Comparative Example 4
Instead of the cultivation soil for plant cultivation made of the foam of Example 12, conventional cultivation soil for plant cultivation, that is, red sphere fine granules: humus soil: pumice fine grains so as to have a volume ratio of 6: 3: 1. Tulips were grown in the same manner as in Example 12 except that the mixed culture soil was used. In Comparative Example 4, the surface of the soil immediately dried unless water was replenished about twice as often as in Example 12.

  As a result, the flowering of Gander tulips was on April 20th, the year after the planting year.

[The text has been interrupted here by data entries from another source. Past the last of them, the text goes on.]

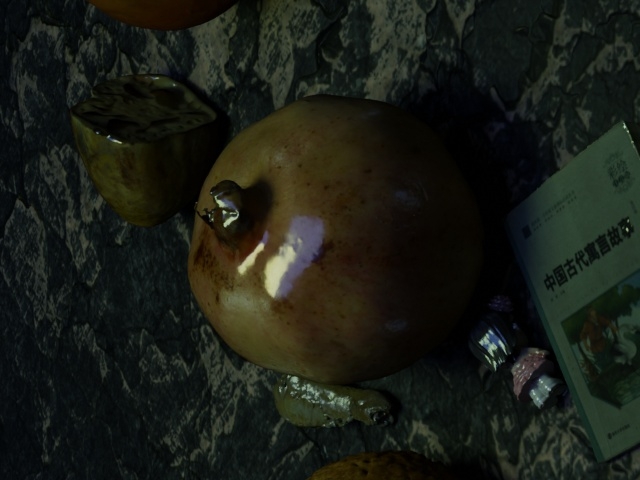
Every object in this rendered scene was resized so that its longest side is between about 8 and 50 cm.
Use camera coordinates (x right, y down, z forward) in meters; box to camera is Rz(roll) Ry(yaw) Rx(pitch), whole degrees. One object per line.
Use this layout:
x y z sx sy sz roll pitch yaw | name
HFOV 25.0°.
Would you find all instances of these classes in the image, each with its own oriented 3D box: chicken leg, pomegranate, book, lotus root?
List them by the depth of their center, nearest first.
0.293 0.055 1.427 0.215 0.025 0.282 -43 60 47 | book
0.000 0.000 1.569 0.338 0.338 0.338 4 96 53 | pomegranate
0.014 0.197 1.776 0.198 0.069 0.085 4 97 46 | chicken leg
-0.254 -0.120 2.027 0.199 0.188 0.180 43 139 41 | lotus root

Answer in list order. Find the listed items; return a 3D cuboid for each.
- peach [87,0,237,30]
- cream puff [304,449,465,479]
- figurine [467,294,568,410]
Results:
-0.211 -0.436 1.838 0.343 0.343 0.301 56 156 35 | peach
0.077 0.376 1.584 0.303 0.212 0.303 -3 85 44 | cream puff
0.207 0.120 1.521 0.129 0.054 0.072 50 126 36 | figurine
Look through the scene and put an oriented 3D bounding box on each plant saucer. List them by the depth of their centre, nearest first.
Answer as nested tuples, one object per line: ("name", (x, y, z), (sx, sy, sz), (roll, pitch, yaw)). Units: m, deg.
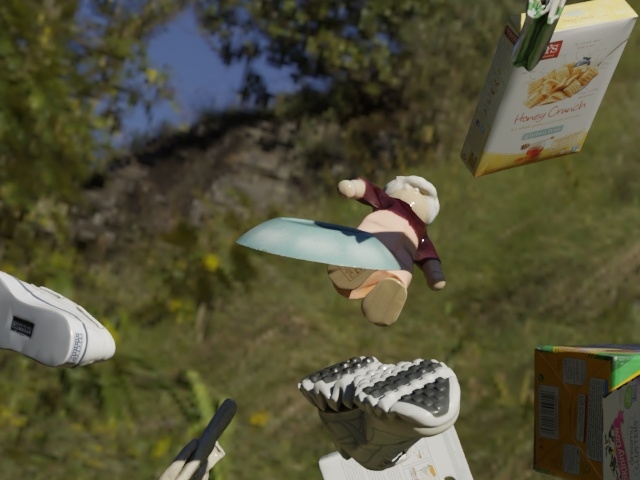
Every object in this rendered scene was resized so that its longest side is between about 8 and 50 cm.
("plant saucer", (0.000, 0.000, 1.845), (0.195, 0.037, 0.195), (9, 5, -1))

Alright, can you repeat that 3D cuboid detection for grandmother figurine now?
("grandmother figurine", (0.099, -0.009, 2.300), (0.104, 0.342, 0.207), (-30, -80, 24))

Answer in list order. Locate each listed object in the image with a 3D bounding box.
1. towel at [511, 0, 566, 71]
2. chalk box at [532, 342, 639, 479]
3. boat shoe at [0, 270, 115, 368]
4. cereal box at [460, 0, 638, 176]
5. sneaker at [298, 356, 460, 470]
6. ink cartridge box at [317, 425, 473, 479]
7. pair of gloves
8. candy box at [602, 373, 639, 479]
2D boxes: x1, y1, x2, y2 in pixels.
("towel", (0.281, -0.350, 1.690), (0.038, 0.324, 0.248), (22, -5, 6))
("chalk box", (0.456, 0.233, 2.169), (0.289, 0.180, 0.179), (0, 2, -27))
("boat shoe", (-0.353, 0.104, 1.985), (0.084, 0.095, 0.258), (12, 11, -45))
("cereal box", (0.283, -0.192, 2.000), (0.173, 0.047, 0.240), (-14, -36, -24))
("sneaker", (0.078, 0.197, 1.770), (0.110, 0.118, 0.292), (-19, 6, -21))
("ink cartridge box", (0.152, 0.459, 2.698), (0.239, 0.275, 0.060), (-20, -1, 2))
("pair of gloves", (-0.186, 0.329, 2.132), (0.042, 0.204, 0.240), (37, -32, 6))
("candy box", (0.393, 0.236, 1.824), (0.070, 0.164, 0.196), (8, -22, -13))

  Moreover, when the length of the largest petal of the tulip which blossomed each in Examples 12 and 13 and Comparative Example 4 was compared, the length of the petal of the tulip of Example 12 was the same as that of the tulip of Comparative Example 4. Compared to the petal length, the length of each tulip in Example 13 is about 1.6 times that of the tulip petal of Comparative Example 4, About 1.4 times to 1.5 times, the growth of tulips was promoted.

Claims (1)

N-acyl-N-methyl taurine surfactant, N-acyl taurine salt surfactant, polyoxyethylene fatty acid amide ether sulfate surfactant, glyceryl fatty acid alkylol amide ether sulfate surfactant, long chain acyl glutamate It comprises at least one surfactant selected from the group consisting of surfactants, isethionate surfactants, alcohol ethoxyglyceryl sulfonate surfactants, and normal paraffin sulfonate surfactants. A water-absorbing phenolic resin foam, characterized in that a wetting agent is blended, and the blending amount of the wetting agent is 0.5 to 5.0% by mass with respect to the mass of the phenolic resin foam.